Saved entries
══════════════════════════════
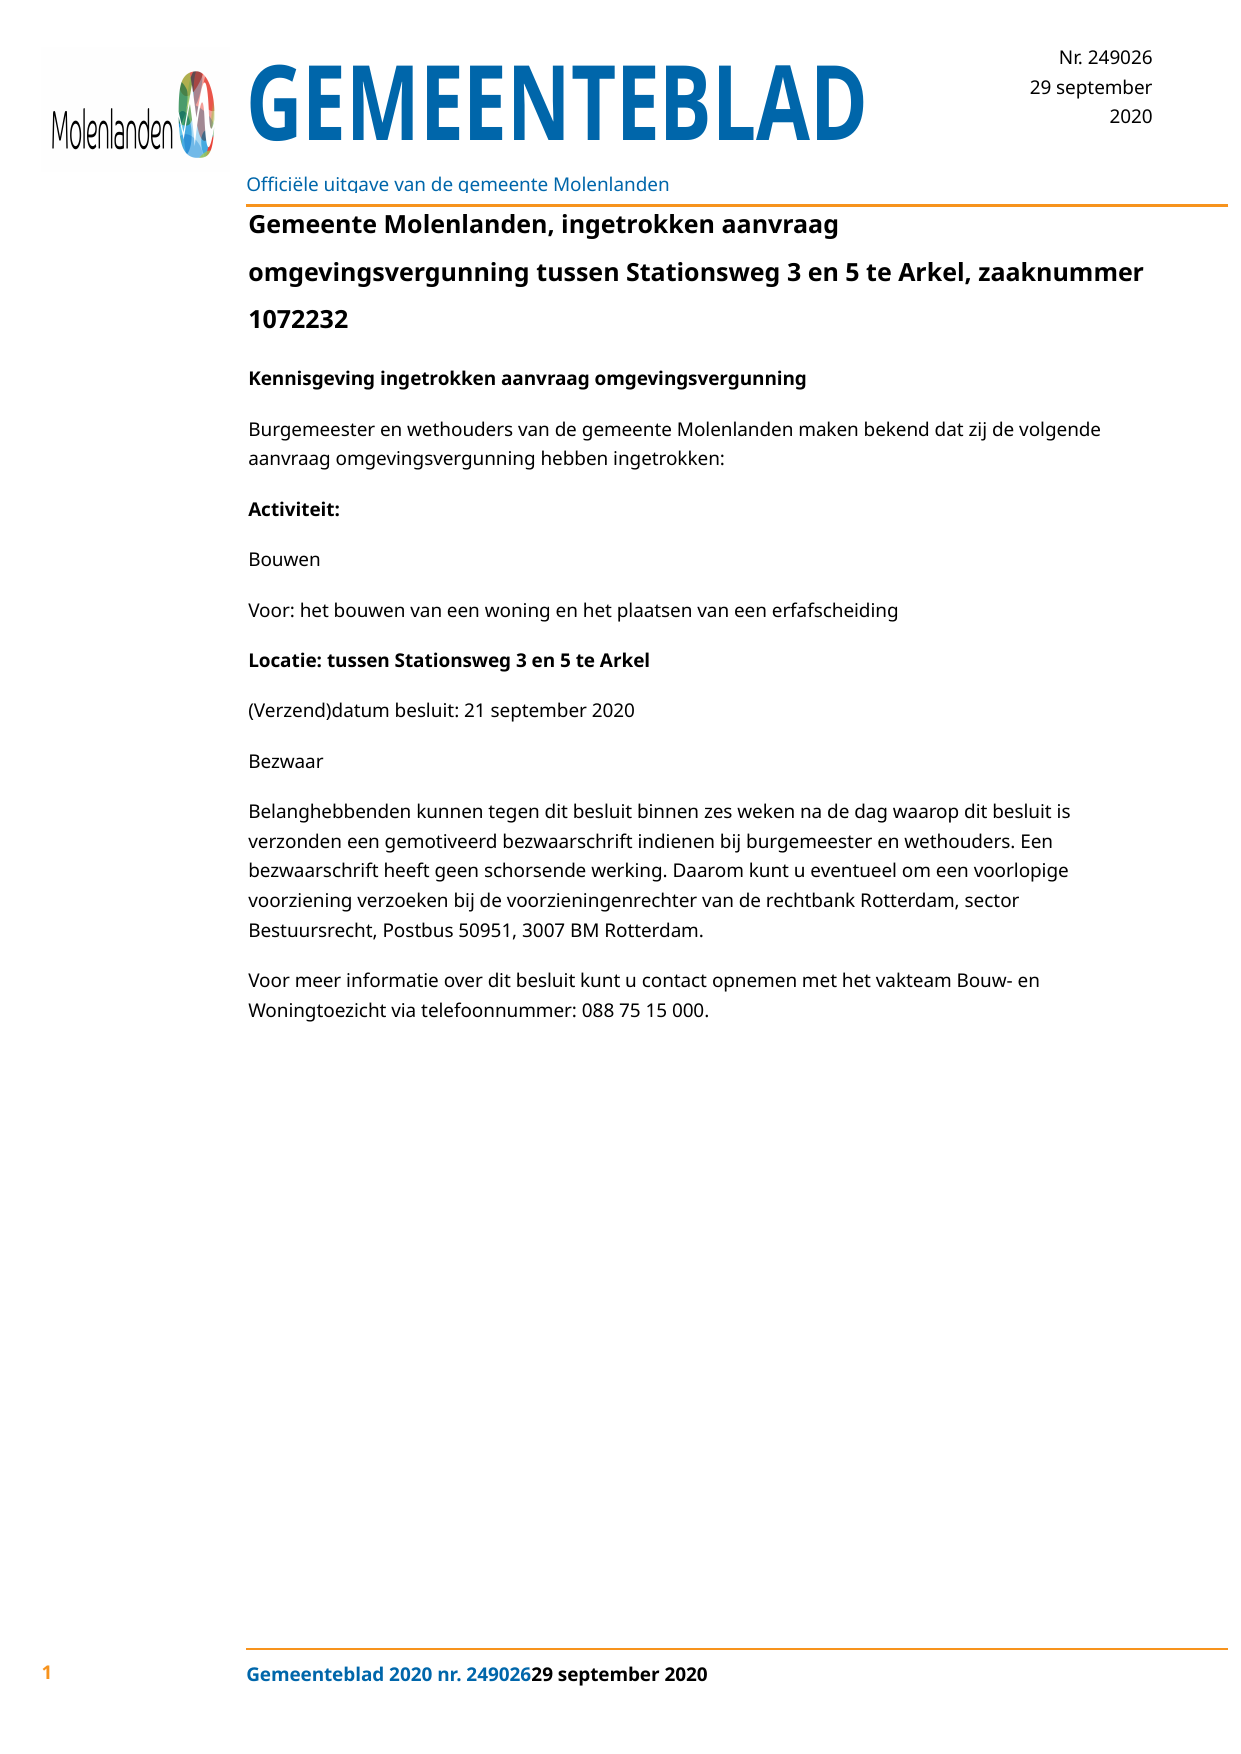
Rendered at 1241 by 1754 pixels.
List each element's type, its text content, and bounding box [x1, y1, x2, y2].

text Bouwen [248, 546, 1152, 572]
text Kennisgeving ingetrokken aanvraag omgevingsvergunning [248, 366, 1152, 391]
text Belanghebbenden kunnen tegen dit besluit binnen zes weken na de dag waarop dit besluit is verzonden een gemotiveerd bezwaarschrift indienen bij burgemeester en wethouders. Een bezwaarschrift heeft geen schorsende werking. Daarom kunt u eventueel om een voorlopige voorziening verzoeken bij de voorzieningenrechter van de rechtbank Rotterdam, sector Bestuursrecht, Postbus 50951, 3007 BM Rotterdam. [248, 798, 1152, 942]
text Voor meer informatie over dit besluit kunt u contact opnemen met het vakteam Bouw- en Woningtoezicht via telefoonnummer: 088 75 15 000. [248, 967, 1152, 1022]
text Bezwaar [248, 748, 1152, 774]
text Voor: het bouwen van een woning en het plaatsen van een erfafscheiding [248, 597, 1152, 622]
text Activiteit: [248, 496, 1152, 522]
text Gemeente Molenlanden, ingetrokken aanvraag omgevingsvergunning tussen Stationsweg 3 en 5 te Arkel, zaaknummer 1072232 [248, 207, 1152, 336]
text Burgemeester en wethouders van de gemeente Molenlanden maken bekend dat zij de volgende aanvraag omgevingsvergunning hebben ingetrokken: [248, 416, 1152, 471]
text (Verzend)datum besluit: 21 september 2020 [248, 698, 1152, 723]
text Locatie: tussen Stationsweg 3 en 5 te Arkel [248, 647, 1152, 673]
picture [41, 47, 231, 172]
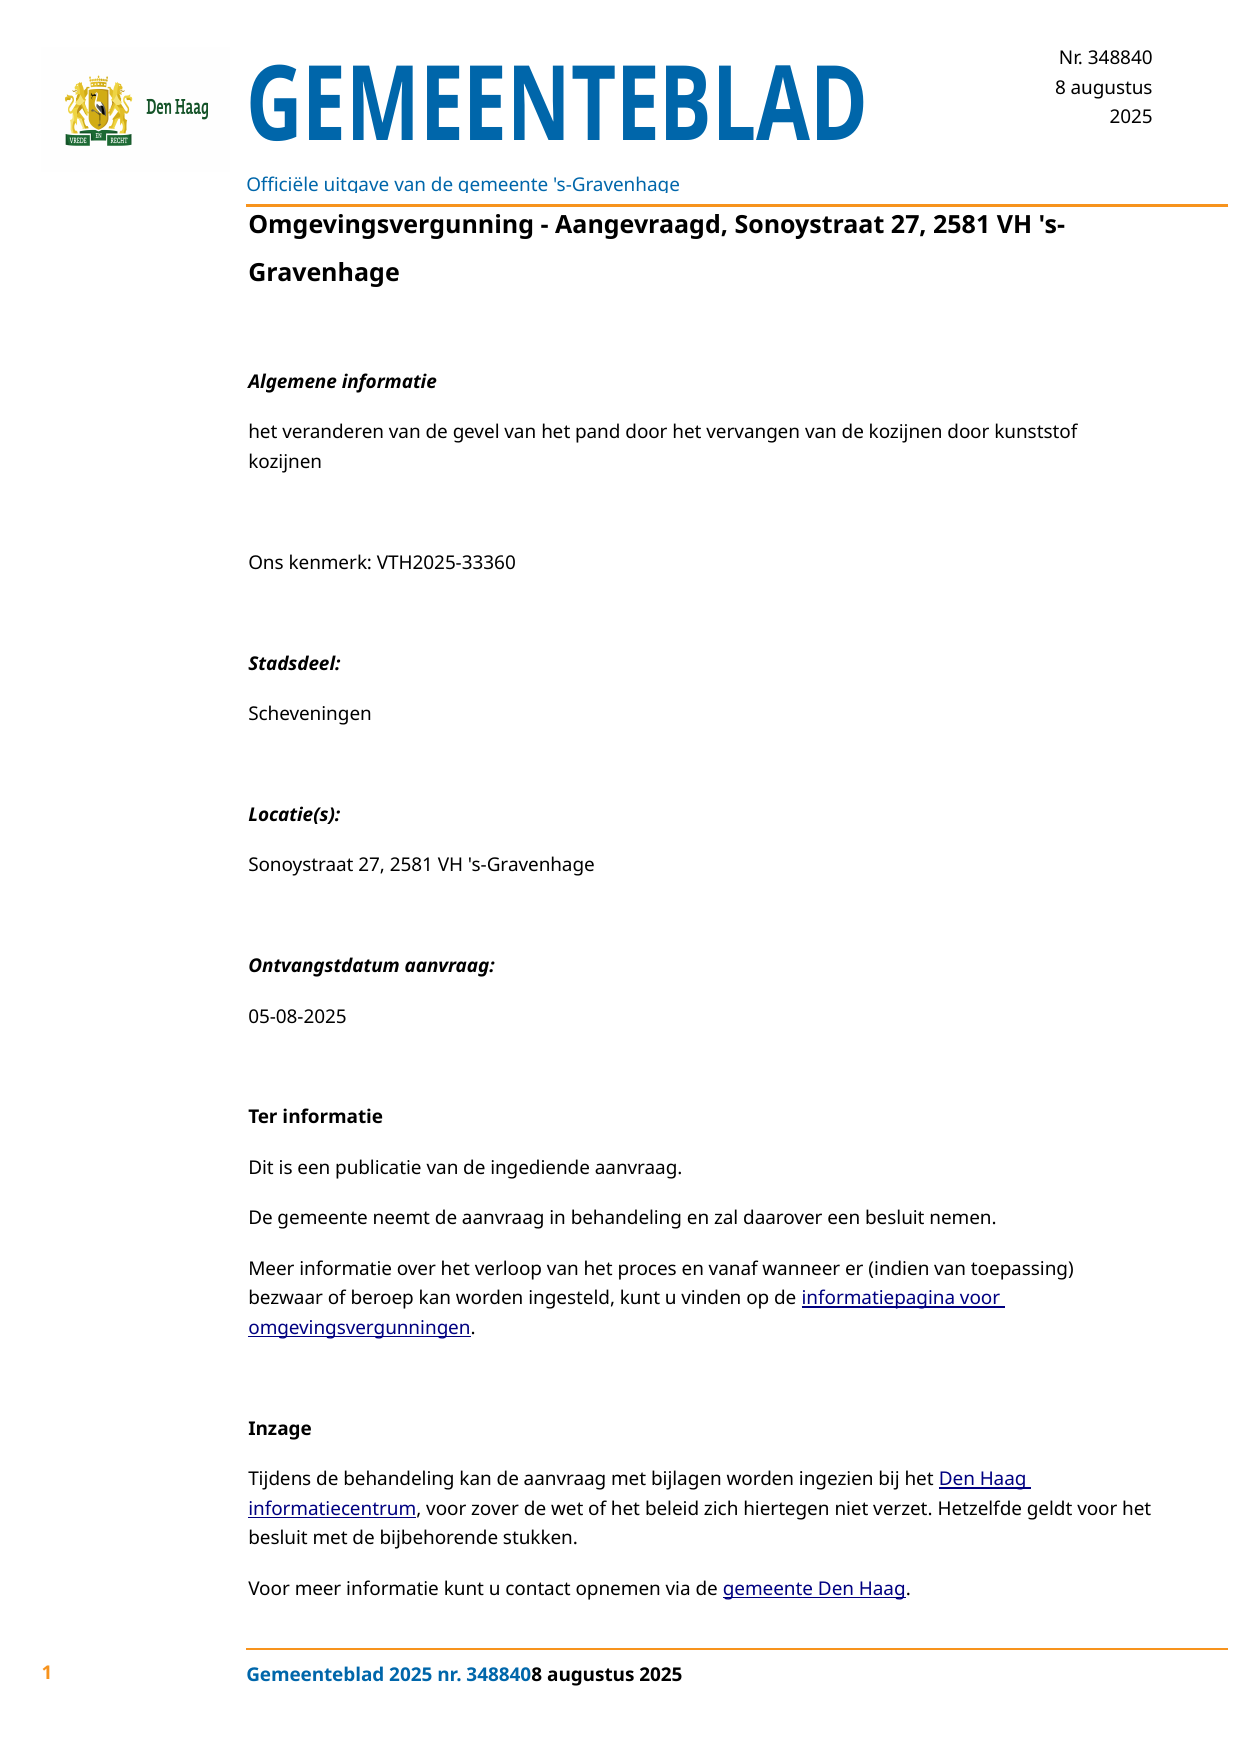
══════════════════════════════
Search the entries for the word "Arkel", then list each line that holds it.

- **Solution to this task**
text Gemeente Molenlanden, ingetrokken aanvraag omgevingsvergunning tussen Stationsweg 3 en 5 te Arkel, zaaknummer 1072232 [248, 207, 1152, 336]
text Locatie: tussen Stationsweg 3 en 5 te Arkel [248, 647, 1152, 673]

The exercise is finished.